(Excerpts from a dataset)
##########

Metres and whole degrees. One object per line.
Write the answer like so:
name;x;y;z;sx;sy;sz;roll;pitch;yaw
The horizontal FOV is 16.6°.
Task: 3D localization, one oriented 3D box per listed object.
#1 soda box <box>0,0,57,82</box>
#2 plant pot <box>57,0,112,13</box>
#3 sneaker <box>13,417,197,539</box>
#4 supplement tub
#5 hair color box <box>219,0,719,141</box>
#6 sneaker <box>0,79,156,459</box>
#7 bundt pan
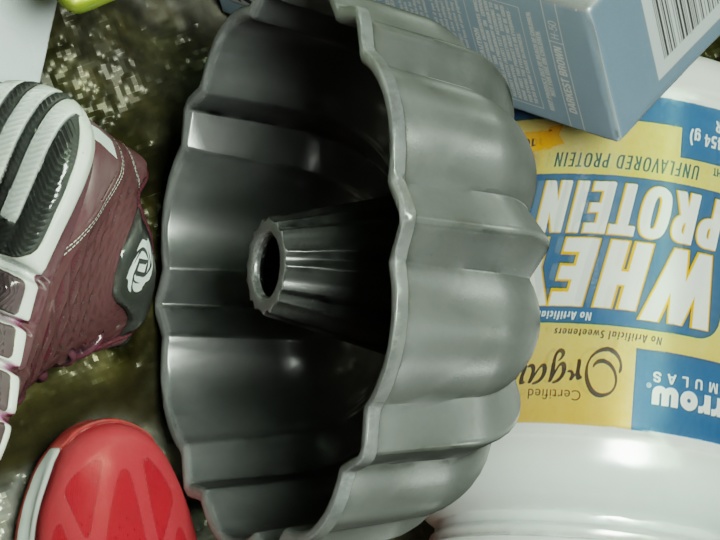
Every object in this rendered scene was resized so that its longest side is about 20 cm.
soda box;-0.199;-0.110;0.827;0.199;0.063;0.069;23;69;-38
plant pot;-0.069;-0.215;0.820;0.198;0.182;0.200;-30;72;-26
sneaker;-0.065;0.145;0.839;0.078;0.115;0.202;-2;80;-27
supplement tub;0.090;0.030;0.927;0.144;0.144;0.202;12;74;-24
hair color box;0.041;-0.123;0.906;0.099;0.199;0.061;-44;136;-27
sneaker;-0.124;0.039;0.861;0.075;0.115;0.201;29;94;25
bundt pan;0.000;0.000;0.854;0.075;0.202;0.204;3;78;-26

##########

**Exercise:**
Output exactly the lines from the one containing "name;x;y;z;sx;sy;sz;roll;pitch;yaw" through the last line of the records above, both included, leaving out any pictures.

**Answer to this exercise:**
name;x;y;z;sx;sy;sz;roll;pitch;yaw
The horizontal FOV is 16.6°.
Task: 3D localization, one oriented 3D box per listed object.
#1 soda box <box>0,0,57,82</box>
#2 plant pot <box>57,0,112,13</box>
#3 sneaker <box>13,417,197,539</box>
#4 supplement tub
#5 hair color box <box>219,0,719,141</box>
#6 sneaker <box>0,79,156,459</box>
#7 bundt pan
Every object in this rendered scene was resized so that its longest side is about 20 cm.
soda box;-0.199;-0.110;0.827;0.199;0.063;0.069;23;69;-38
plant pot;-0.069;-0.215;0.820;0.198;0.182;0.200;-30;72;-26
sneaker;-0.065;0.145;0.839;0.078;0.115;0.202;-2;80;-27
supplement tub;0.090;0.030;0.927;0.144;0.144;0.202;12;74;-24
hair color box;0.041;-0.123;0.906;0.099;0.199;0.061;-44;136;-27
sneaker;-0.124;0.039;0.861;0.075;0.115;0.201;29;94;25
bundt pan;0.000;0.000;0.854;0.075;0.202;0.204;3;78;-26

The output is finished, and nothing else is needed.